··· Input ···
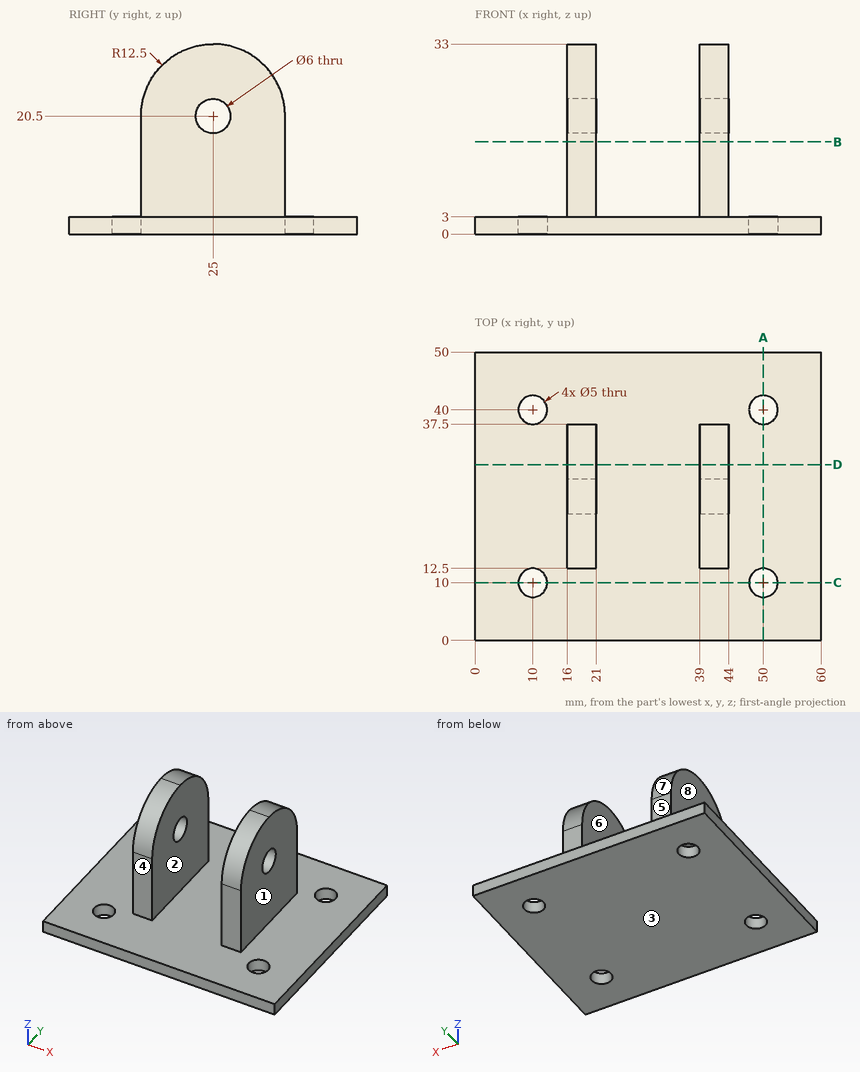
Here's the drawing with two shaded views (mm, measured from the low corner). I have some questions. A direction names the side the tool comes from. Give positions to 0.01 mm unless a question says otherwise; leave off trailing zeros. Write each loop counter-clockwise with the first axis right and the second up, starting at its lowest first coordinate (ties: lowest second). Pieces come first, ordered by that corner, then holes. Notation, with made-up numbers: (74, 42) - (112, 42) arc R27 ccw to (112, 63) - close; hole circle Ø9 at (40.25, 5.25). An arc over 180 degrees is marked (long way). Write item = value, one per line. Start each with the question number.
1. On a 3-axis mill with a long thin cutter (end or side, diameter ignored), from which of +Z, -Z, +X, -X, +Y, -Y can I reach the whole of each face in a straight line? I mean the marked faces 1, 2, 3, 4 and 5. Say none if no direction works.
2. Please list where these lines run through material, in increasing order: line 1 (Y direction, x = 10, z = 2); line 2 (X direction, y = 30, z = 15.5); line 3 (Z direction, x = 11.5, y = 32).
3. Thinking about a two-plate mould opening in X: for the marked faces 6, 7 and 8, which applies, released by +X, released by -X, zero draft, split by the parting line, or undercut?
4. For pin 1 (4 mm diameter, centred on x = 40, z = 9, fed in from +Y); pin 2 (7.5 mm diameter, centred on y = 24.5, z = 22.5, fed in from +X); pin 3 (6 mm diameter, centred on x = 35, z = 26.5, fed in from -Y); pin 4 (10 mm diameter, centred on y = 19, z = 26.5, fed in from -X), each with a flat end and sliding along its axis, tell me the tip position at first contact or that it passes through.
5. Imagine slicing it at C-C (y = 10). Please give me the cut outline in (x, z), and give its area (3 significant figures).
6. Imagine slicing it at B-B (z = 16). Please give me the cut outline in (x, y), and give its area (3 significant figures).
7. Imagine slicing it at D-D (y = 30.5). Please give me the cut outline in (x, z) (3 decimals).
8. Imagine slicing it at A-A (x = 50). Please give me the cut outline in (y, z), and give its area (3 significant figures).
Worked answers:
q1.face_1 = +Z, +X, +Y, -Y
q1.face_2 = +Z, +Y, -Y
q1.face_3 = -Z, +X, -X, +Y, -Y
q1.face_4 = +Z, +X, -X, -Y
q1.face_5 = +Z, +X, -X, +Y
q2.line_1 = 0 to 7.5, 12.5 to 37.5, 42.5 to 50
q2.line_2 = 16 to 21, 39 to 44
q2.line_3 = 0 to 3
q3.face_6 = undercut
q3.face_7 = zero draft
q3.face_8 = released by -X
q4.pin_1 = 37.5
q4.pin_2 = 44
q4.pin_3 = through
q4.pin_4 = 16
q5.outline = (0, 0) - (7.5, 0) - (7.5, 3) - (0, 3) - close; (12.5, 0) - (47.5, 0) - (47.5, 3) - (12.5, 3) - close; (52.5, 0) - (60, 0) - (60, 3) - (52.5, 3) - close
q5.area = 150 mm2
q6.outline = (16, 12.5) - (21, 12.5) - (21, 37.5) - (16, 37.5) - close; (39, 12.5) - (44, 12.5) - (44, 37.5) - (39, 37.5) - close
q6.area = 250 mm2
q7.outline = (0, 0) - (60, 0) - (60, 3) - (44, 3) - (44, 31.725) - (39, 31.725) - (39, 3) - (21, 3) - (21, 31.725) - (16, 31.725) - (16, 3) - (0, 3) - close
q8.outline = (0, 0) - (7.5, 0) - (7.5, 3) - (0, 3) - close; (12.5, 0) - (37.5, 0) - (37.5, 3) - (12.5, 3) - close; (42.5, 0) - (50, 0) - (50, 3) - (42.5, 3) - close
q8.area = 120 mm2
Build history of the part. All positions in model axes, mm. A direction names the side the tool comes from. Round coordinates to 2 decimals unless told otherwise and drop trailing zeros. Loops run counter-clockwise (first coordinate to the right, second up) from the corner with the lowest first, then second, coordinate; pieces in that order, holes last. Notation, with made-up numbers: (-32, 87.5) -> (19, 87.5) arc R24 cw to (19, 110.5) -> close; hole circle Ø2 at (-1, 34). An arc over 180 degrees is marked (long way). Put each result on its own line as item: value. Start each with the question number.
Item 1: Tool access for faces 1 (the flat face through (47, -8, -11)), 2 (the flat face through (38, 7.757, -11)), 3 (the flat face through (-36, 5.4, -22)), 4 (the flat face through (-30.6, -9, -5)): list every direction of +Z, -Z, +X, -X, +Y, -Y with a clear straight run to the whole face (end or side of a thin tool).
Item 2: Cut at B-B, the plane y = 11. List the corners of the cut face in (x, z).
Item 3: Drill centre lines: probe 1 along X at (y, z) = (5.5, -7); probe 2 along Y at (x, z) = (-38.1, -23.3); probe 3 along X at (y, z) = (4.5, -5.25). Where is each one in solid material? Low to high. Write a range as [from, to].
Item 4: Cut at A-A, the plane z = -6.75. List the corners of the cut face in (x, y), plus the area to 3 significant figures.
Item 5: Flat gauge pins, fed straight in: pin 1 Ø8 at (x, y) = (-11.5, -4.5) entering from +Z; pin 2 Ø12 at (x, z) = (42.5, -17) entering from -Y; pin 3 Ø1 at (x, y) = (-47, -9) entering from -Z; pin 4 Ø7.5 at (x, y) = (-39, -0.5) entering from +Z. Where does each tip first touch, or does it go through?
Item 6: Pull direction X, two halves, no side cores. Call faces 5 (the flat face through (0, 0, -22)), 6 (the flat face through (0, -4, -24)), 7 (the flat face through (38, -6.987, -24)): +X half, -X half, draft (parallel to the pull), parting line (faces both ways), or undercut.
Item 7: Cut at D-D, the plane z = -20.5. List the corners of the cut face in (x, y).
Item 8: Cut at C-C, the plane x = 14. List the corners of the cut face in (y, z).
```python
from build123d import *

# Parameters (mm, degrees)
F0_R      = 13
F2_DEPTH  = 26
F3_DEPTH  = 22
F5_DEPTH  = 30
F7_W      = 53
F7_H      = 8
F8_DEPTH  = 4
F9_W      = 25
F9_H      = 5
F10_DEPTH = 15


with BuildPart() as f2:
    # F0 (on Top) → F2 (new body)
    with BuildSketch(Plane.XY):
        with Locations((-38.1, 0)):
            Circle(F0_R)
    extrude(amount=-F2_DEPTH)


with BuildPart() as f2b:
    # F0 (on Top) → F2, piece 2 (new body)
    with BuildSketch(Plane.XY):
        with BuildLine():
            ThreePointArc((51.1, 0), (38.1, 13), (25.1, 0))
            ThreePointArc((25.1, 0), (38.1, -13), (51.1, 0))
        make_face()
    extrude(amount=-F2_DEPTH)


with BuildPart() as f3_tool:
    # F1 (on Top) → F3 (new body)
    with BuildSketch(Plane.XY):
        with BuildLine():
            ThreePointArc((-31.4, -7.7570935279), (-28.779659341, -4.2654132273), (-27.85, 0))
            Line((-27.85, 0), (-31.4, 0))
            Line((-31.4, 0), (-31.4, -7.7570935279))
        make_face()
        with BuildLine():
            Line((-31.4, 0), (-27.85, 0))
            ThreePointArc((-27.85, 0), (-28.779659341, 4.2654132273), (-31.4, 7.7570935279))
            Line((-31.4, 7.7570935279), (-31.4, 0))
        make_face()
        Polygon((-31.4, -7.7570935279), (-31.4, 0), (-31.4, 7.7570935279), (-44.8, 7.7570935279), (-44.8, -7.7570935279), align=None)
        with BuildLine():
            Line((-44.8, -7.7570935279), (-44.8, 7.7570935279))
            ThreePointArc((-44.8, 7.7570935279), (-48.35, 0), (-44.8, -7.7570935279))
        make_face()
        Polygon((31.4, 7.7570935279), (31.4, 0), (31.4, -7.7570935279), (44.8, -7.7570935279), (44.8, 7.7570935279), align=None)
        with BuildLine():
            ThreePointArc((48.35, 0), (47.420340659, 4.2654132273), (44.8, 7.7570935279))
            Line((44.8, 7.7570935279), (44.8, -7.7570935279))
            ThreePointArc((44.8, -7.7570935279), (47.420340659, -4.2654132273), (48.35, 0))
        make_face()
        with BuildLine():
            Line((31.4, -7.7570935279), (31.4, 0))
            Line((31.4, 0), (27.85, 0))
            ThreePointArc((27.85, 0), (28.779659341, -4.2654132273), (31.4, -7.7570935279))
        make_face()
        with BuildLine():
            Line((27.85, 0), (31.4, 0))
            Line((31.4, 0), (31.4, 7.7570935279))
            ThreePointArc((31.4, 7.7570935279), (28.779659341, 4.2654132273), (27.85, 0))
        make_face()
    extrude(amount=-F3_DEPTH)


with BuildPart() as f2_1:
    add(f2.part)

    # F3: cut by f3_tool
    add(f3_tool.part, mode=Mode.SUBTRACT)


with BuildPart() as f2b_1:
    add(f2b.part)

    # F3: cut by f3_tool
    add(f3_tool.part, mode=Mode.SUBTRACT)


with BuildPart() as f5_tool:
    # F4 (on Top) → F5 (new body)
    with BuildSketch(Plane.XY):
        with BuildLine():
            ThreePointArc((-38.1, -5.5), (-34.2109127035, -3.8890872965), (-32.6, 0))
            Line((-32.6, 0), (-38.1, 0))
            Line((-38.1, 0), (-38.1, -5.5))
        make_face()
        Polygon((45.6, -6.9865943062), (38.1, -6.9865943062), (30.6, -6.9865943062), (30.6, -13), (45.6, -13), align=None)
        with BuildLine():
            ThreePointArc((43.6, 0), (38.1, 5.5), (32.6, 0))
            Line((32.6, 0), (38.1, 0))
            Line((38.1, 0), (38.1, -5.5))
            ThreePointArc((38.1, -5.5), (41.9890872965, -3.8890872965), (43.6, 0))
        make_face()
        with BuildLine():
            Line((38.1, 0), (32.6, 0))
            ThreePointArc((32.6, 0), (34.2109127035, -3.8890872965), (38.1, -5.5))
            Line((38.1, -5.5), (38.1, 0))
        make_face()
        with BuildLine():
            Line((-38.1, 0), (-32.6, 0))
            ThreePointArc((-32.6, 0), (-41.9890872965, 3.8890872965), (-38.1, -5.5))
            Line((-38.1, -5.5), (-38.1, 0))
        make_face()
        Polygon((-30.6, -6.9865943062), (-38.1, -6.9865943062), (-45.6, -6.9865943062), (-45.6, -13), (-30.6, -13), align=None)
    extrude(amount=-F5_DEPTH)


with BuildPart() as f2_2:
    add(f2_1.part)

    # F5: cut by f5_tool
    add(f5_tool.part, mode=Mode.SUBTRACT)



with BuildPart() as f2b_2:
    add(f2b_1.part)

    # F5: cut by f5_tool
    add(f5_tool.part, mode=Mode.SUBTRACT)


with BuildPart() as f2_3:
    add(f2_2.part)

    add(f2b_2.part)  # F8 merges F2b
    # F7 (on offset) → F8 (join)
    with BuildSketch(Plane.XY.offset(-26)):
        Rectangle(F7_W, F7_H)
    extrude(amount=F8_DEPTH)

    # F9 (on offset) → F10 (cut)
    with BuildSketch(Plane.XY.offset(-26)):
        with Locations((-38.1, -9.4865943062)):
            Rectangle(F9_W, F9_H)
        with Locations((38.1, -9.4865943062)):
            Rectangle(F9_W, F9_H)
    extrude(amount=F10_DEPTH, mode=Mode.SUBTRACT)


solid = f2_3.part
```
Reply:
1. face 1: -Z, +X, -X, -Y
1. face 2: +Z, -Y
1. face 3: +Z
1. face 4: +Z, -Z, -Y
2. outline: (-45.03, -26) -> (-31.17, -26) -> (-31.17, 0) -> (-45.03, 0) -> close; (31.17, -26) -> (45.03, -26) -> (45.03, 0) -> (31.17, 0) -> close
3. probe 1: x = [-49.88, -46.75], [-29.45, -26.32], [26.32, 29.45], [46.75, 49.88]
3. probe 2: y = [-6.99, -5.5], [5.5, 13]
3. probe 3: x = [-50.3, -47.31], [-28.89, -25.9], [25.9, 28.89], [47.31, 50.3]
4. outline: (-45.6, -10.62) -> (-45.6, -6.99) arc R10.25 cw to (-44.8, 7.76) -> (-31.4, 7.76) arc R10.25 cw to (-30.6, -6.99) -> (-30.6, -10.62) arc R13 ccw (long way) to start; (30.6, -10.62) -> (30.6, -6.99) arc R10.25 cw to (31.4, 7.76) -> (44.8, 7.76) arc R10.25 cw to (45.6, -6.99) -> (45.6, -10.62) arc R13 ccw (long way) to start
4. area: 358 mm^2
5. pin 1: stops at z = -22
5. pin 2: stops at y = -6.99
5. pin 3: stops at z = -11
5. pin 4: passes through
6. face 5: undercut
6. face 6: undercut
6. face 7: draft
7. outline: (-49.06, -6.99) -> (-45.6, -6.99) arc R10.25 cw to (-44.8, 7.76) -> (-31.4, 7.76) arc R10.25 cw to (-30.6, -6.99) -> (-27.14, -6.99) arc R13 ccw (long way) to start; (27.14, -6.99) -> (30.6, -6.99) arc R10.25 cw to (31.4, 7.76) -> (44.8, 7.76) arc R10.25 cw to (45.6, -6.99) -> (49.06, -6.99) arc R13 ccw (long way) to start
8. outline: (-4, -26) -> (4, -26) -> (4, -22) -> (-4, -22) -> close
···
— Task description —
Please return a copy of each line in the entries that has the string "material".

— Exercise response —
2. Please list where these lines run through material, in increasing order: line 1 (Y direction, x = 10, z = 2); line 2 (X direction, y = 30, z = 15.5); line 3 (Z direction, x = 11.5, y = 32).
Item 3: Drill centre lines: probe 1 along X at (y, z) = (5.5, -7); probe 2 along Y at (x, z) = (-38.1, -23.3); probe 3 along X at (y, z) = (4.5, -5.25). Where is each one in solid material? Low to high. Write a range as [from, to].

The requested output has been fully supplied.